У него самого давно накопились вопросы, но он приберёг их на потом, когда Орлов поправится: где он шлялся и что это было, попытка к бегству?

– А зачем тебе Жаглин? – радостно спросил Пророк, вбегая в комнату.

Цветаев сделал предостерегающий жест, но было поздно.

– В морду ему дать хочу!

Пророк едва не выронил бутылку арманьяка из рук:

– Вот это да!

Самое странное, что он, не взглянув на Цветаева за поддержкой, сказал сварливо:

– Ты ешь, ешь, не волнуйся...

Солнечные зайчики отражались в его озабоченных глазах, углы рта были опущены вниз. Это предвещало катастрофу вселенского масштаба.

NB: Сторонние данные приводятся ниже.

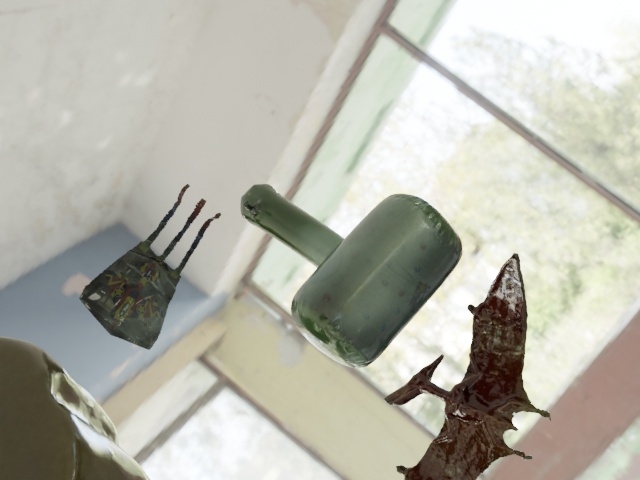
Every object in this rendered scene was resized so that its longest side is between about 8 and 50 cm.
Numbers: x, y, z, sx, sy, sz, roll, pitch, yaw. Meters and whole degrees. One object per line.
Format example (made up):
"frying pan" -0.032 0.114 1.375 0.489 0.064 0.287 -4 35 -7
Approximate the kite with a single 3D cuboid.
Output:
"kite" -0.239 0.035 1.445 0.015 0.141 0.245 12 63 53

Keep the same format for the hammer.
"hammer" 0.000 0.000 1.181 0.206 0.335 0.119 -47 -45 -10

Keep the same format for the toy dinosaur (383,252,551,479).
"toy dinosaur" 0.169 0.182 1.160 0.327 0.206 0.113 -47 -40 14

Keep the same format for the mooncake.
"mooncake" -0.439 0.366 1.247 0.467 0.467 0.262 -50 -40 -11
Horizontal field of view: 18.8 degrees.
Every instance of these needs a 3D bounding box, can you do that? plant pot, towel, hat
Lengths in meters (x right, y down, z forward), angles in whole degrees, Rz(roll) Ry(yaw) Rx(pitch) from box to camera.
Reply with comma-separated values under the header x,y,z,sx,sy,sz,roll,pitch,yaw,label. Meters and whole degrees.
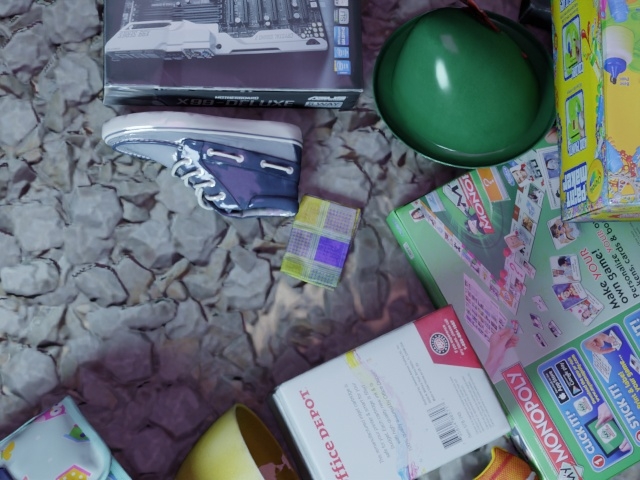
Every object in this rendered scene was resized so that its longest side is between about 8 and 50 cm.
x,y,z,sx,sy,sz,roll,pitch,yaw,label
-0.079,0.226,1.724,0.095,0.134,0.134,-31,85,8,plant pot
0.000,0.000,1.827,0.060,0.009,0.083,20,77,-5,towel
0.128,-0.189,1.775,0.208,0.183,0.173,27,68,12,hat

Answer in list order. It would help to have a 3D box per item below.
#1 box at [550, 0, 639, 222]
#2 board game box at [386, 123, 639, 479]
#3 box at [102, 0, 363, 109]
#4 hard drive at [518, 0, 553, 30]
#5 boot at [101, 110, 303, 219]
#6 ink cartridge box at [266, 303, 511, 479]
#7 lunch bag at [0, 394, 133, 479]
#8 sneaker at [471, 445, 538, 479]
x,y,z,sx,sy,sz,roll,pitch,yaw,label
0.373,-0.163,1.765,0.290,0.177,0.279,-1,85,-8,box
0.231,0.064,1.829,0.213,0.046,0.317,-28,84,-12,board game box
-0.086,-0.281,1.834,0.242,0.076,0.307,1,80,-7,box
0.378,-0.295,1.909,0.339,0.064,0.237,10,78,-5,hard drive
-0.109,-0.068,1.794,0.190,0.069,0.086,3,76,-9,boot
0.057,0.157,1.745,0.176,0.127,0.128,-24,84,-12,ink cartridge box
-0.231,0.289,1.669,0.223,0.160,0.262,-37,75,-9,lunch bag
0.125,0.265,1.779,0.067,0.064,0.175,38,74,25,sneaker

Должно быть, он тоже страдал, сообразил Цветаев, и ему вовсе не хочется видеть в Гекторе Орлове второго предателя. Хватит предательства, достаточно лжи, я так устал об неё, было написано у него на лице.

– Чего вы мне зубы заговариваете?! – удивился Орлов, поглядывая на их странные лица, но от куриного бульона, с половинкой яйца и булочки, естественно, не оторвался, хлебая с таким видом, словно говоря, сейчас умну, а потом я с вас живых не слезу.